= Lead tin telluride =

Alloy of lead, tin and tellurium

Lead tin telluride, also referred to as PbSnTe or Pb_{1−x}Sn_{x}Te, is a ternary alloy of lead, tin and tellurium, generally made by alloying either tin into lead telluride or lead into tin telluride. It is a IV-VI narrow band gap semiconductor material.

The band gap of Pb_{1−x}Sn_{x}Te is tuned by varying the composition(x) in the material. SnTe can be alloyed with Pb (or PbTe with Sn) in order to tune the band gap from 0.29 eV (PbTe) to 0.18 eV (SnTe). Unlike II-VI chalcogenides, e.g. cadmium, mercury and zinc chalcogenides, the band gap in Pb_{1−x}Sn_{x}Te does not changes linearly between the two extremes. In contrast, as the composition (x) is increased, the band gap decreases, approaches zero in the concentration regime (0.32–0.65 corresponding to temperature 4-300 K, respectively) and further increases towards bulk band gap of SnTe. Therefore, the lead tin telluride alloys have narrower band gaps than their end point counterparts making lead tin telluride an ideal candidate for mid infrared, 3–14 μm opto-electronic application.

==Properties==
Lead tin telluride is p-type semiconductor at 300 K. The hole concentration increases as the tin content is increased resulting in an increase in electrical conductivity. For composition range x = 0 to 0.1, electrical conductivity decreases with increase in temperature up to 500 K and increases beyond 500 K. For composition range, x ≥ 0.25, electrical conductivity decreases with increases in temperature.

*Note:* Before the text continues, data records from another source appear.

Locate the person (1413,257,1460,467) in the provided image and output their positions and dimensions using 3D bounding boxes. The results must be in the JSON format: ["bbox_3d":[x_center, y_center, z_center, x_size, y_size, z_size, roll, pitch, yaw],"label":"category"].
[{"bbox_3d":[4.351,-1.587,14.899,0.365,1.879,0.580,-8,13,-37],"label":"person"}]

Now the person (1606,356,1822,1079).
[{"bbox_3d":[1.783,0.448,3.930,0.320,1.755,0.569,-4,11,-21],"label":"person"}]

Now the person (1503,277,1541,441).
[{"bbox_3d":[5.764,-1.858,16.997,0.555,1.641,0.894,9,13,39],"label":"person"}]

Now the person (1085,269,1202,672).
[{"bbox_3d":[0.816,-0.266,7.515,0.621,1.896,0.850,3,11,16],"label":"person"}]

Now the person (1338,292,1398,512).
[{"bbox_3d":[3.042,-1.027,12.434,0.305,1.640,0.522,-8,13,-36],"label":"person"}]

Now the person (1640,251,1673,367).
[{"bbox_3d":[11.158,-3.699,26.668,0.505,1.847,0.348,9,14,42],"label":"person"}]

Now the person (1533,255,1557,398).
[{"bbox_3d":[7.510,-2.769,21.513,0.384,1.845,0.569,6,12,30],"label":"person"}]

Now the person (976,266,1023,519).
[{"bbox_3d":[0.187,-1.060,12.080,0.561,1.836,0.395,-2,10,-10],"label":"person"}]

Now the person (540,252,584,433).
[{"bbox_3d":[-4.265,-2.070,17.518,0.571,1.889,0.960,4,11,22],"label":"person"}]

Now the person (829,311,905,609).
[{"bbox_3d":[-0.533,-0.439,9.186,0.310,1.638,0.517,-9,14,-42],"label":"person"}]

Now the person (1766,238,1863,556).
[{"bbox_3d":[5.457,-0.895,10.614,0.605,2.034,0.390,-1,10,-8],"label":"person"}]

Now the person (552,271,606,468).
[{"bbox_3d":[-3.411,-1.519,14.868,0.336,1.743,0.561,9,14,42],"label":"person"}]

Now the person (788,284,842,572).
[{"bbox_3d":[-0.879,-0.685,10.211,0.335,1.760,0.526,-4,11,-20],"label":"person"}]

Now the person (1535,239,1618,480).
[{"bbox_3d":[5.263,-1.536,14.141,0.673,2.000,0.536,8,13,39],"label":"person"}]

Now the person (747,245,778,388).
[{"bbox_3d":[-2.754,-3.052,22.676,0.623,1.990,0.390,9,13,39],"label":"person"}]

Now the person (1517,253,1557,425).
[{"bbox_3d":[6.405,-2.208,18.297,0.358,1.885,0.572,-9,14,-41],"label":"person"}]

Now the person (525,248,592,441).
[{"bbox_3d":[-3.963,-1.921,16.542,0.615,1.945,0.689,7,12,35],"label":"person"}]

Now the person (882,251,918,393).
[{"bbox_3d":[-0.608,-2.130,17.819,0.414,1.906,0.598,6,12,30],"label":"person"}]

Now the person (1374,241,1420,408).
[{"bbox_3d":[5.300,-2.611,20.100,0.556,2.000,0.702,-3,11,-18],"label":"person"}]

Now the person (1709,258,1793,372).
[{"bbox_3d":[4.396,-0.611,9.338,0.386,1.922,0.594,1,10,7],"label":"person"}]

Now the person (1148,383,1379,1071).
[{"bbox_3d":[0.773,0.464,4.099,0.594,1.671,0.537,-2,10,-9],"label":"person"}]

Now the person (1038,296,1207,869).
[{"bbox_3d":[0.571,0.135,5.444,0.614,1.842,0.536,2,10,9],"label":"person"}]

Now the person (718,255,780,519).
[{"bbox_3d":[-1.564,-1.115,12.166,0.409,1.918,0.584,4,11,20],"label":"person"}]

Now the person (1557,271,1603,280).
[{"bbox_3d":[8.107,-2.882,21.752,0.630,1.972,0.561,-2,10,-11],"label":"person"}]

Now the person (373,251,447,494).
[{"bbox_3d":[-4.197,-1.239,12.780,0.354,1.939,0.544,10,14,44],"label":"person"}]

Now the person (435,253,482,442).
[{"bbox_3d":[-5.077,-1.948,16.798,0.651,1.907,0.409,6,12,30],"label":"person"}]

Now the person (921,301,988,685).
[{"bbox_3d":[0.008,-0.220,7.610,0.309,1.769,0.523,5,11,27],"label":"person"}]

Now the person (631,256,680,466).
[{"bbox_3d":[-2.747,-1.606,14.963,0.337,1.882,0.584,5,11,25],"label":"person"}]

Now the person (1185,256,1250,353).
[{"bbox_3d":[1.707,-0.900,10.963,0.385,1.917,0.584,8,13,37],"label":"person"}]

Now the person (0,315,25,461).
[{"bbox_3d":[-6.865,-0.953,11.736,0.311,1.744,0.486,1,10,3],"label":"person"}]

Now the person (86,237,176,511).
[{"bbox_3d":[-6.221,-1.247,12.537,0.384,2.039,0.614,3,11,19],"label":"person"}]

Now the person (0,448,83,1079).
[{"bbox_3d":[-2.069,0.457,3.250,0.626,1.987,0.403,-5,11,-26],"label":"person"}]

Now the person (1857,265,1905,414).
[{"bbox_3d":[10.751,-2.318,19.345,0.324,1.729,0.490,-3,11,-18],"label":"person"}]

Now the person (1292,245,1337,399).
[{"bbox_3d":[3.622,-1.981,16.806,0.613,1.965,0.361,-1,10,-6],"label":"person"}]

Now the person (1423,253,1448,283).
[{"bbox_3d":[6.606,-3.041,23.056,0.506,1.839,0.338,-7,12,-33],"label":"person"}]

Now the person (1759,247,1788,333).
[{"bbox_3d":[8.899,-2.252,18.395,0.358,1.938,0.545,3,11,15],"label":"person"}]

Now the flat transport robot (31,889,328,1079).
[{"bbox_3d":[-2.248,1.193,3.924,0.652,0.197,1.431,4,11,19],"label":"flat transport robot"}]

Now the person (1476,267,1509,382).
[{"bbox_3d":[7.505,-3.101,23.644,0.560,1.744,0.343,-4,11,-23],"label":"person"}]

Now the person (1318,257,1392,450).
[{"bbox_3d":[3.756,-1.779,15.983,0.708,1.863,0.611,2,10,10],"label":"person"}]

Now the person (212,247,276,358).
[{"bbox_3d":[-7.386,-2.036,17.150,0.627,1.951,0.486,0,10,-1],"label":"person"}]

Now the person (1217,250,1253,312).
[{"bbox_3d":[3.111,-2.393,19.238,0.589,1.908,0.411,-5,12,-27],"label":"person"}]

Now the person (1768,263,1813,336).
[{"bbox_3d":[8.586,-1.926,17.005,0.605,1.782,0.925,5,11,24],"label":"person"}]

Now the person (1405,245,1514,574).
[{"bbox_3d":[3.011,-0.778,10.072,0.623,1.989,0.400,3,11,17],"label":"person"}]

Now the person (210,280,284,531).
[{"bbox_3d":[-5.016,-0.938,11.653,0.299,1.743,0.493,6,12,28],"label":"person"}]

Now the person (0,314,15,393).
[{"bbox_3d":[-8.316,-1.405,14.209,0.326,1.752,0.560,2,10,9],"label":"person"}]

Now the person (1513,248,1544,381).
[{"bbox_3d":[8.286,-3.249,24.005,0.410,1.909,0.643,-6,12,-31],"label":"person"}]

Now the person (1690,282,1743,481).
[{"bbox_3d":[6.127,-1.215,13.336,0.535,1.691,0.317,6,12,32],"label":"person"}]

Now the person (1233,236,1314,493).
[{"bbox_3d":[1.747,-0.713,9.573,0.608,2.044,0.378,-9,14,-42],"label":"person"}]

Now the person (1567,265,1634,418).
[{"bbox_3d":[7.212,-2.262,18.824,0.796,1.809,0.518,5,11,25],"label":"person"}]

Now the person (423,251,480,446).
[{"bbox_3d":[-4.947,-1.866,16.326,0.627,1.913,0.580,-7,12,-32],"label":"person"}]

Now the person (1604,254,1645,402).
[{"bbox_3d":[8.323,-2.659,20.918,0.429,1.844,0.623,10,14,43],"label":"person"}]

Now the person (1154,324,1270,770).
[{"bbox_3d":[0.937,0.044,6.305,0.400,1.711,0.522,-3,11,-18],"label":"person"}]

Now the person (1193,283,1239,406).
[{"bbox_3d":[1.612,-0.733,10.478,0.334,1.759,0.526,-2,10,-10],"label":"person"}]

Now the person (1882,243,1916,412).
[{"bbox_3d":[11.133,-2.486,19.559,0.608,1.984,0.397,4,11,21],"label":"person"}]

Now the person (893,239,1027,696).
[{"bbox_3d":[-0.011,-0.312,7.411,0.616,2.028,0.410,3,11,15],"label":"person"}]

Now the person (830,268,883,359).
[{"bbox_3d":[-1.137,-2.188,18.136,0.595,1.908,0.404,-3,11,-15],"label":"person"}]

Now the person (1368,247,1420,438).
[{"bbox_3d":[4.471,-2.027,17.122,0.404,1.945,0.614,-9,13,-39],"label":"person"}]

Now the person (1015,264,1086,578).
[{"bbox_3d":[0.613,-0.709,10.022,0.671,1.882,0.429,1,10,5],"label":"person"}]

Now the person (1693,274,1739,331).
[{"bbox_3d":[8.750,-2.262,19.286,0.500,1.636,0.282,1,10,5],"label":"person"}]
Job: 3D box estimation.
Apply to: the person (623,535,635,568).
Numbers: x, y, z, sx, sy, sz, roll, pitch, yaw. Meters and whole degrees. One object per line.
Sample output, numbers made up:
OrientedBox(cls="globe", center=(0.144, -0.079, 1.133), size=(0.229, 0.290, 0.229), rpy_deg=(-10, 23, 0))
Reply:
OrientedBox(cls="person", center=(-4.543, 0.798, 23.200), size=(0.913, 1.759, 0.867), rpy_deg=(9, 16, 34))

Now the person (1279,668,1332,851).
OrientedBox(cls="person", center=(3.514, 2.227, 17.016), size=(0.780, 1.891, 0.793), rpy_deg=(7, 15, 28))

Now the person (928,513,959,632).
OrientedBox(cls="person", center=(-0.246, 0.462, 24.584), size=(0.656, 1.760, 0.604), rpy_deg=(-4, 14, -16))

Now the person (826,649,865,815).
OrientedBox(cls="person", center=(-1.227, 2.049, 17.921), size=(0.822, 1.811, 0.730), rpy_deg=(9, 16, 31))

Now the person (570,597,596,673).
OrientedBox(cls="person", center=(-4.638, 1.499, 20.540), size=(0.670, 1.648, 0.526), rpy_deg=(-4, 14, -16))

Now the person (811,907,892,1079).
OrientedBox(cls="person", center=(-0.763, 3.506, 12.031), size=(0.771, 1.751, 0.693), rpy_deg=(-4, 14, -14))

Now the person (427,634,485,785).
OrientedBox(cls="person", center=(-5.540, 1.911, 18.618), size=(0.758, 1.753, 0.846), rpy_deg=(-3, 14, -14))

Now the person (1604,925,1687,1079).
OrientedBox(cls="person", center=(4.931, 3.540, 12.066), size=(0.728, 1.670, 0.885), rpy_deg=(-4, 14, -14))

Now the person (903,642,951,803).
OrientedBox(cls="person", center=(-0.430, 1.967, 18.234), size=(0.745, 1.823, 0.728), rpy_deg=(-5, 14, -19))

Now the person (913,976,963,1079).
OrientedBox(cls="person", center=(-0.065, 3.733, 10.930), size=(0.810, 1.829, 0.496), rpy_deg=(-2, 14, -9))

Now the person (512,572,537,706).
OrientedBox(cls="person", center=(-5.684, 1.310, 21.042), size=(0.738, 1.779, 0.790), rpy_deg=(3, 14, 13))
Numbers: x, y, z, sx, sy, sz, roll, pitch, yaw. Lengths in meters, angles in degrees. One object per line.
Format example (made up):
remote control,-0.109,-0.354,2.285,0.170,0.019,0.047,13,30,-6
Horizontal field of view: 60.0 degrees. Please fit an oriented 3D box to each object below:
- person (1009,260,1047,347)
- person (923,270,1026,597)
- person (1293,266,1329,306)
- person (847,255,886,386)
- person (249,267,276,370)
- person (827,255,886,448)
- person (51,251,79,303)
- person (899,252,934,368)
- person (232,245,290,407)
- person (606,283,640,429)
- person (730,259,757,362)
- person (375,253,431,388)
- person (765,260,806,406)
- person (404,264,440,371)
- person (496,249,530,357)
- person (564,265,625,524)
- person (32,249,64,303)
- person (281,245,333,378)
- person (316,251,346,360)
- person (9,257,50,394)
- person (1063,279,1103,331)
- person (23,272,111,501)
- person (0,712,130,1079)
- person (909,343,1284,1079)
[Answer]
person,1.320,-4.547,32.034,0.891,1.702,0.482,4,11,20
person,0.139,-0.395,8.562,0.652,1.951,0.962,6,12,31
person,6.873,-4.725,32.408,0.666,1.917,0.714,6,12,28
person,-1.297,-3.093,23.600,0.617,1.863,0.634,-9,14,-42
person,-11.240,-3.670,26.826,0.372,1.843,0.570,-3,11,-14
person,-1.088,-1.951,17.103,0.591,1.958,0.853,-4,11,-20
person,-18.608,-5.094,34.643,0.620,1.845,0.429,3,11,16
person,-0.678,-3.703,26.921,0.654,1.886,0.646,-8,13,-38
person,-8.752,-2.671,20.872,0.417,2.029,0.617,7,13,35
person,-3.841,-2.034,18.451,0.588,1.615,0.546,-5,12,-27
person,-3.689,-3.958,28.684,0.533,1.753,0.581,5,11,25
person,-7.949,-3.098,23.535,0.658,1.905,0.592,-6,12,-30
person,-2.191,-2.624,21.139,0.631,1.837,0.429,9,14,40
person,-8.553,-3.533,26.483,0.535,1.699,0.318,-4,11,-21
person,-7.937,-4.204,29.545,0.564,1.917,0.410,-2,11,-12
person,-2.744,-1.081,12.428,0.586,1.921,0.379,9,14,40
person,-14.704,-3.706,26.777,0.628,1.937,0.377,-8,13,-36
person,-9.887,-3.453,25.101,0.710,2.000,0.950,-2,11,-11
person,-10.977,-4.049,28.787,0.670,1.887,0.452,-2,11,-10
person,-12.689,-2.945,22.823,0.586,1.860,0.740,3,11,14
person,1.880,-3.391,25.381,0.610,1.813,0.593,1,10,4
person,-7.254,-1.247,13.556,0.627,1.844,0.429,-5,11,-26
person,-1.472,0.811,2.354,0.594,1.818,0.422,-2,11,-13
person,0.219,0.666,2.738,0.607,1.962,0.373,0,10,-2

The Seebeck coefficient of Pb_{1−x}Sn_{x}Te decreases with increases in Sn content at 300 K.

For composition x > 0.25, thermal conductivity of Pb_{1−x}Sn_{x}Te increases with increase in Sn content. Thermal conductivity values decreases with increase in temperature over the entire composition range, x > 0.

For Pb_{1−x}Sn_{x}Te, the optimum temperature corresponding to maximum thermoelectric power factor increases with increase in composition x. The pseudo binary alloy of Lead tin telluride acts as a thermoelectric material over 400–700 K temperature range.

Lead tin telluride has a positive temperature coefficient i.e. for a given composition x, band gap increases with temperature. Therefore, temperature stability has to be maintained while working with lead tin telluride based laser. However, the advantage is that the operating wavelength of the laser can simply be tuned by varying the operating temperature.

The optical absorption coefficient of lead tin telluride is typically ~750 cm^{−1} as compared to ~50 cm^{−1} for the extrinsic semiconductors such as doped silicon. The higher optical coefficient value not only ensures higher sensitivity but also reduces the spacing required between individual detector elements to prevent optical cross talk making integrated circuit technology easily accessible.

==Application==
Due to tunable narrow band gap and relatively higher operating temperature of lead tin telluride as compared to mercury cadmium telluride, it has been a material of choice for commercial applications in IR sources, band-pass filters and IR detectors. It has found applications as photovoltaic devices for sensing radiation in 8-14 μm window.

Single Crystal Pb_{1−x}Sn_{x}Te diode lasers have been employed for detection of gaseous pollutants like sulfur dioxide.

Lead tin tellurides have been used in thermoelectric devices.